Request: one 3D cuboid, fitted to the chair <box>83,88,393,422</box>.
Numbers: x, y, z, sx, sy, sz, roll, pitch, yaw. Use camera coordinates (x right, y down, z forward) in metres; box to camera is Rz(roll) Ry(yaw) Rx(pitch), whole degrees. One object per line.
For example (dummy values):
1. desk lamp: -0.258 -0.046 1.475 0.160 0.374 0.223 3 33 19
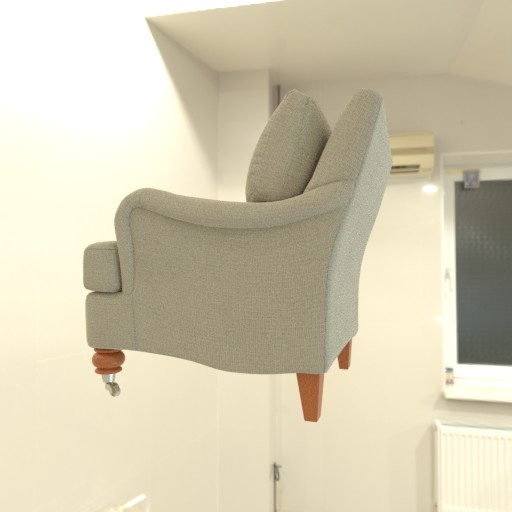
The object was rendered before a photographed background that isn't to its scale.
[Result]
1. chair: 0.000 0.000 1.846 1.070 1.038 0.955 0 -1 19
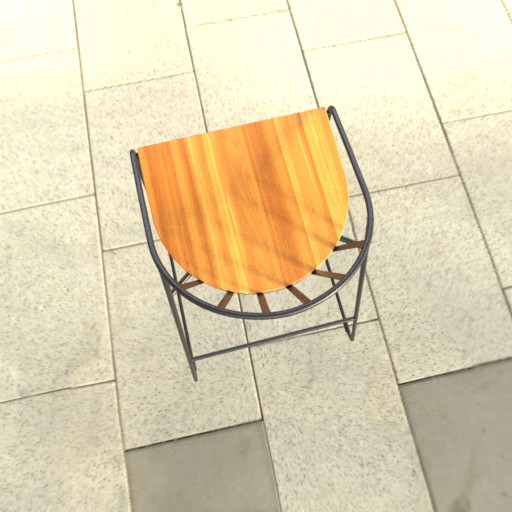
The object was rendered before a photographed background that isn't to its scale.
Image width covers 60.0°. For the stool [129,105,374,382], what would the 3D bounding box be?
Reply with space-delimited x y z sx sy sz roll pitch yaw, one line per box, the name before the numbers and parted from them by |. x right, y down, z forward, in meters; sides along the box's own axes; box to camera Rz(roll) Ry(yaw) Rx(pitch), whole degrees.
stool | 0.000 0.000 1.166 0.546 0.812 0.521 -14 74 -4
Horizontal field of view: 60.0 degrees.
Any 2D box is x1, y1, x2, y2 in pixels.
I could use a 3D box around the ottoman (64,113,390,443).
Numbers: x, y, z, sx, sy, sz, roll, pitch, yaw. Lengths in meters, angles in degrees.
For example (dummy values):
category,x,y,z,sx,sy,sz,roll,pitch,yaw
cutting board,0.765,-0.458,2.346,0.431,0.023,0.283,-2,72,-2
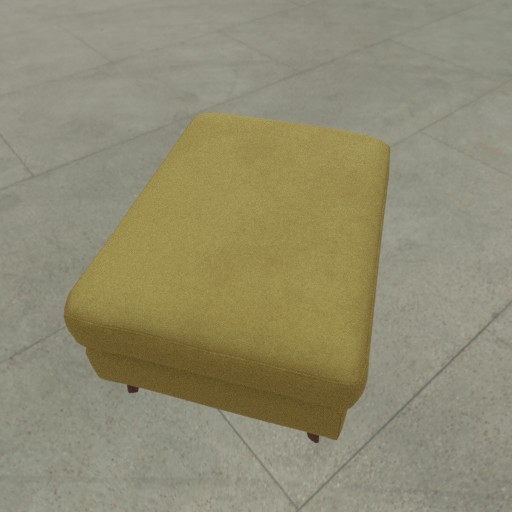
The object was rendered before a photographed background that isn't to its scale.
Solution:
category,x,y,z,sx,sy,sz,roll,pitch,yaw
ottoman,0.000,0.000,1.172,0.608,0.449,0.811,11,48,10
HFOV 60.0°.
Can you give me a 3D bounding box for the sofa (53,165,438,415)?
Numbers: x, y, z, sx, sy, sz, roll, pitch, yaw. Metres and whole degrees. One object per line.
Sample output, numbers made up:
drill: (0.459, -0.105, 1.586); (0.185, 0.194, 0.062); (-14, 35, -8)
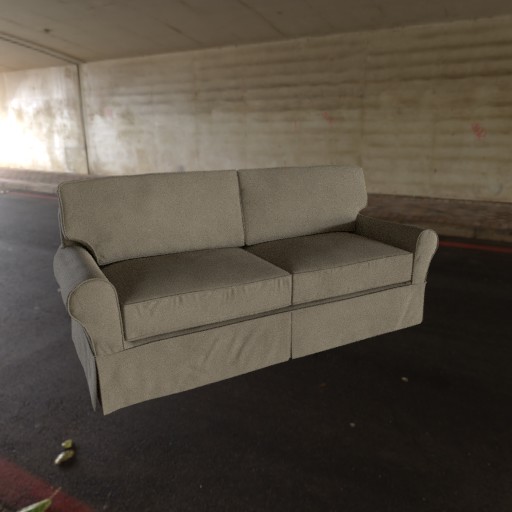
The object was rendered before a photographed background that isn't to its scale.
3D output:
sofa: (0.000, 0.000, 2.721); (2.246, 1.014, 0.900); (-8, 18, -27)
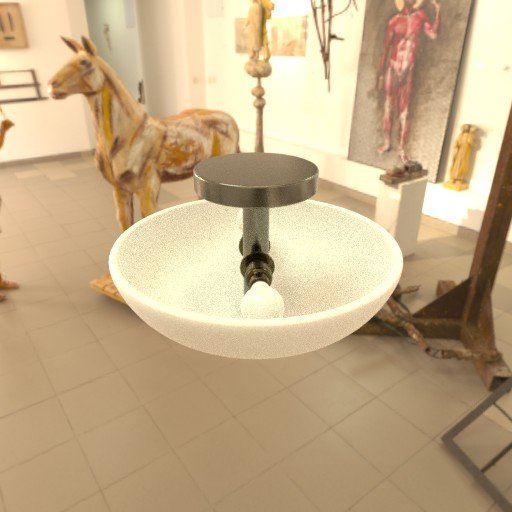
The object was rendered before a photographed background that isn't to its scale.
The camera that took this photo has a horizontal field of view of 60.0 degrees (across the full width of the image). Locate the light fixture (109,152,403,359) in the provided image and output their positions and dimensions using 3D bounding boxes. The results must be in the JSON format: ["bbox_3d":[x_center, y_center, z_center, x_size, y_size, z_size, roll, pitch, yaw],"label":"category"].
[{"bbox_3d":[0.000,0.000,0.525,0.330,0.214,0.330,0,27,0],"label":"light fixture"}]
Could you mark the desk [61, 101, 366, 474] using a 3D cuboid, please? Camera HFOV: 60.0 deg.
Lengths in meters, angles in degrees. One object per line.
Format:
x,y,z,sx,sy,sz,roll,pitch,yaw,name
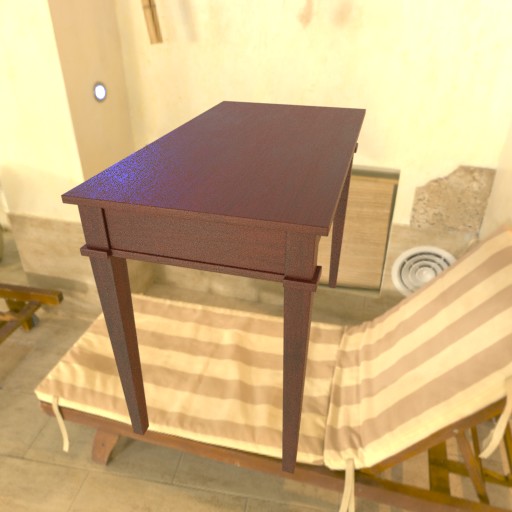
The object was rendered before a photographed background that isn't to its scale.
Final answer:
0.000,0.000,1.450,0.549,0.762,1.001,8,31,14,desk
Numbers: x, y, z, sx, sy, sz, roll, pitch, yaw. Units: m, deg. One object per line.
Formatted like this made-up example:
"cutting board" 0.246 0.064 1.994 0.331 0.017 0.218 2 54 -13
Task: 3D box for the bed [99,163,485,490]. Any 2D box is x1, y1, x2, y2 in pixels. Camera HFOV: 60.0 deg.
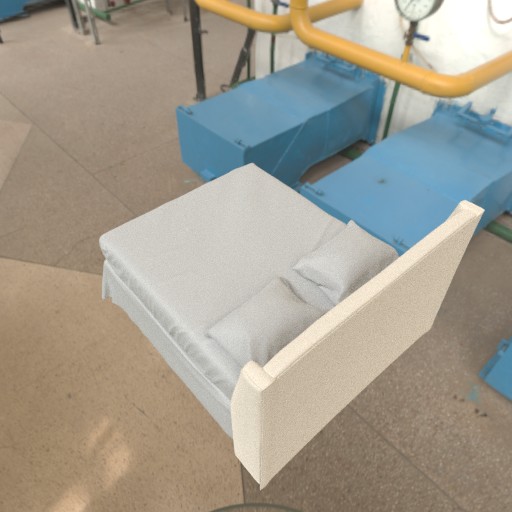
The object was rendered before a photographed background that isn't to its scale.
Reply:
"bed" 0.000 0.000 3.415 1.925 1.332 2.276 -32 53 -28
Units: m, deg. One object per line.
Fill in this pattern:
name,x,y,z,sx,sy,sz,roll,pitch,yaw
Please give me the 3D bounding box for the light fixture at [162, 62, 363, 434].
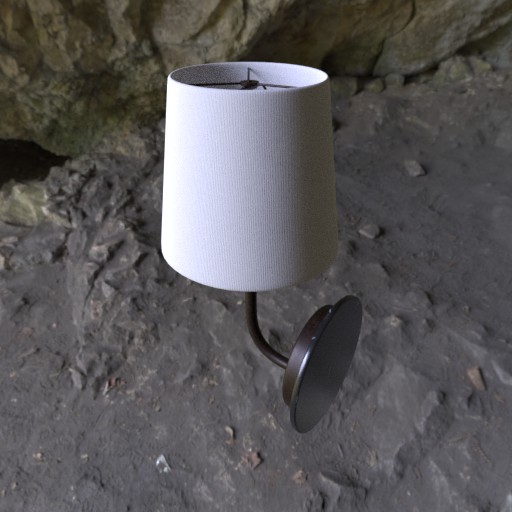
^^^^
Task to complete:
Track down every line in the entries that includes the string "HFOV", and copy it.

The completed task:
HFOV 60.0°.
Could you mark the desk [61, 101, 366, 474] using a 3D cuboid, please? Camera HFOV: 60.0 deg.
Task: 3D box for the bed [99,163,485,490]. Any 2D box is x1, y1, x2, y2 in pixels. Camera HFOV: 60.0 deg.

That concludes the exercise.